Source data

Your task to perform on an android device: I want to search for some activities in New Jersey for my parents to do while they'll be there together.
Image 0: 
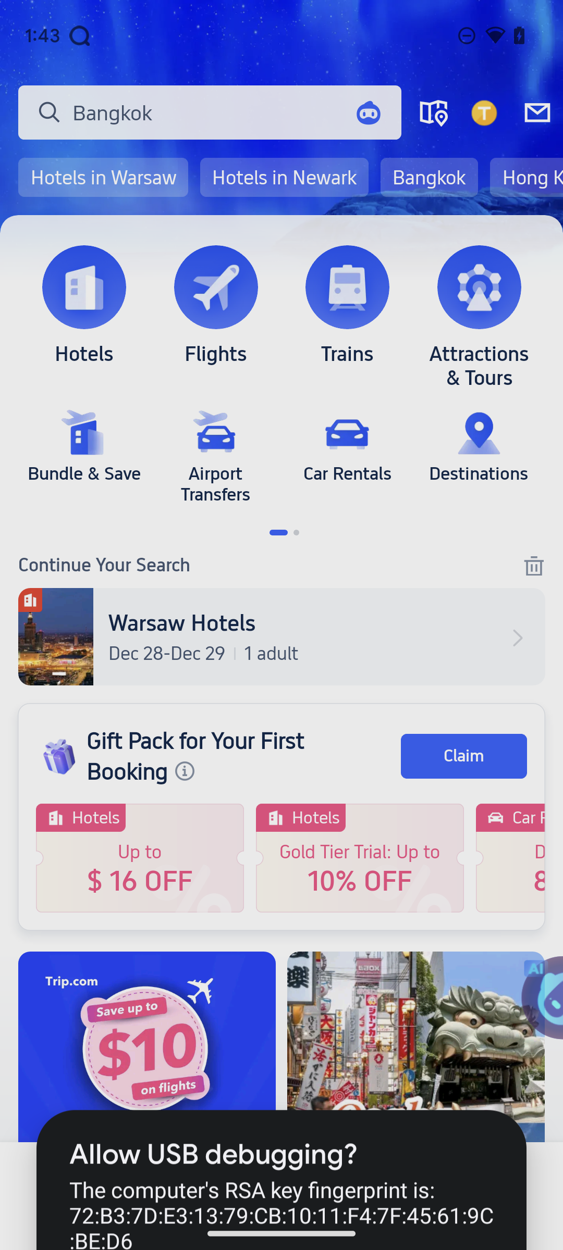
Click on the Attractions & Tours option.
Step 0: click (479, 287)
Image 1: 
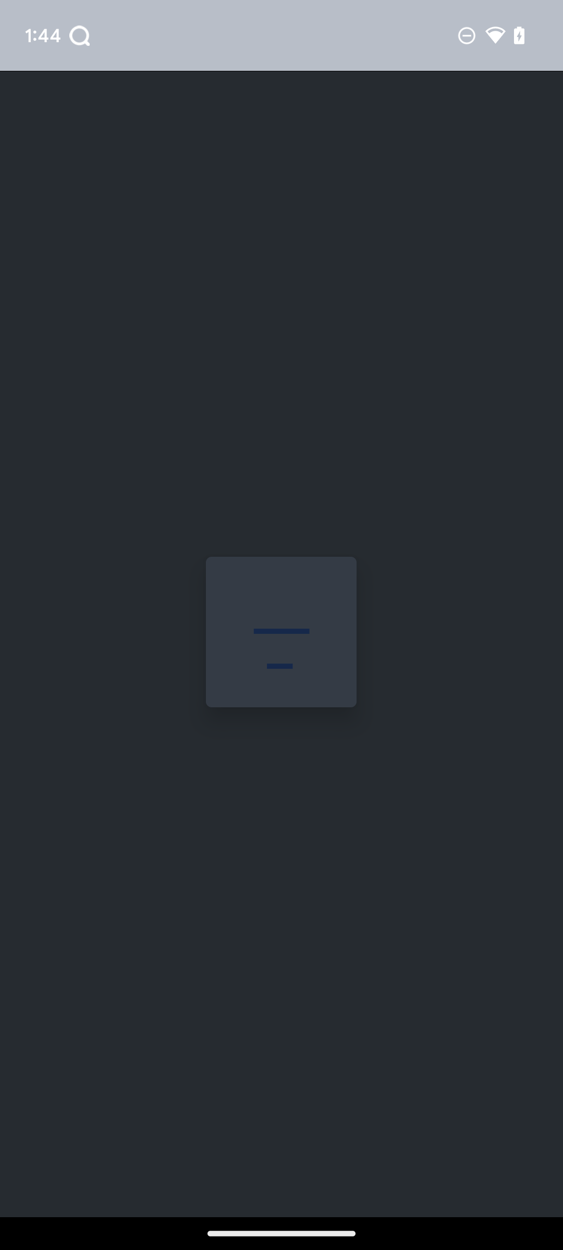
Click on the Attractions & Tours option.
Step 1: wait
Image 2: 
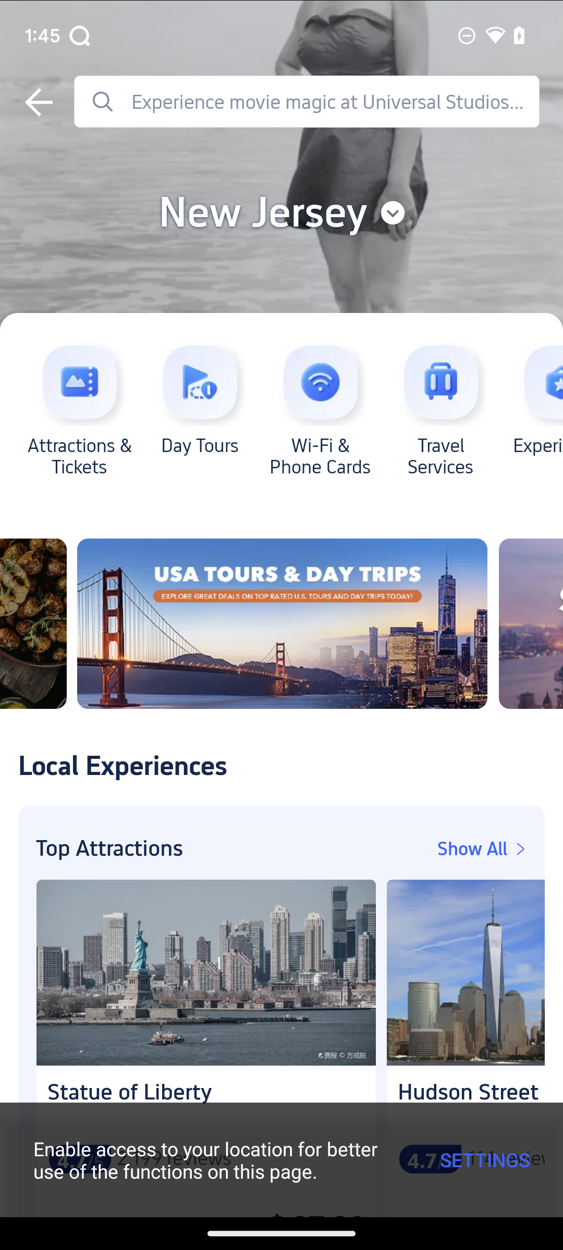
Swipe left on the activities type caraousel.
Step 2: scroll right
Image 3: 
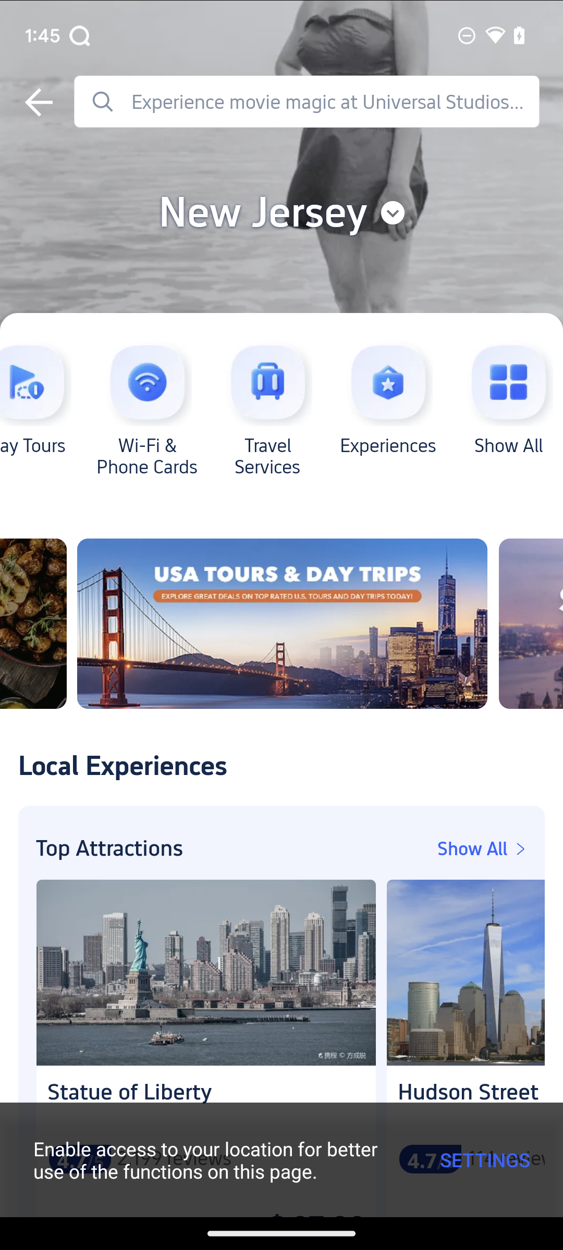
Click on the show all option.
Step 3: scroll left
Image 4: 
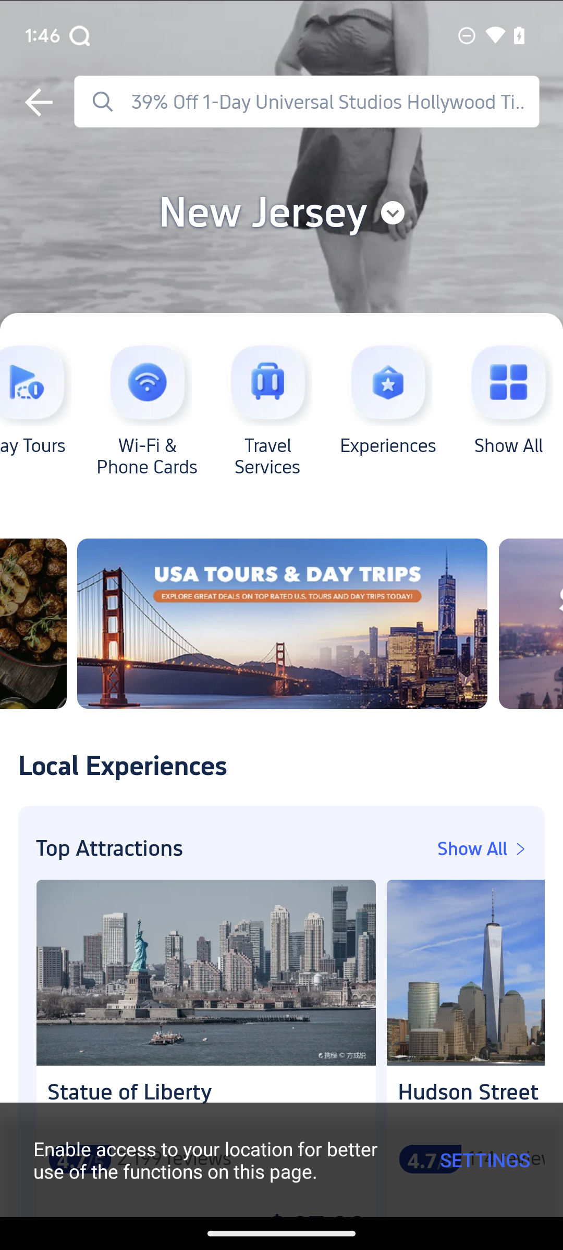
Click on the show all option.
Step 4: click (508, 397)

What the task requires
For the records above, give every line again exactly and skip the pictures.

Solution to this problem
Your task to perform on an android device: I want to search for some activities in New Jersey for my parents to do while they'll be there together.
Image 0: 
Click on the Attractions & Tours option.
Step 0: click (479, 287)
Image 1: 
Click on the Attractions & Tours option.
Step 1: wait
Image 2: 
Swipe left on the activities type caraousel.
Step 2: scroll right
Image 3: 
Click on the show all option.
Step 3: scroll left
Image 4: 
Click on the show all option.
Step 4: click (508, 397)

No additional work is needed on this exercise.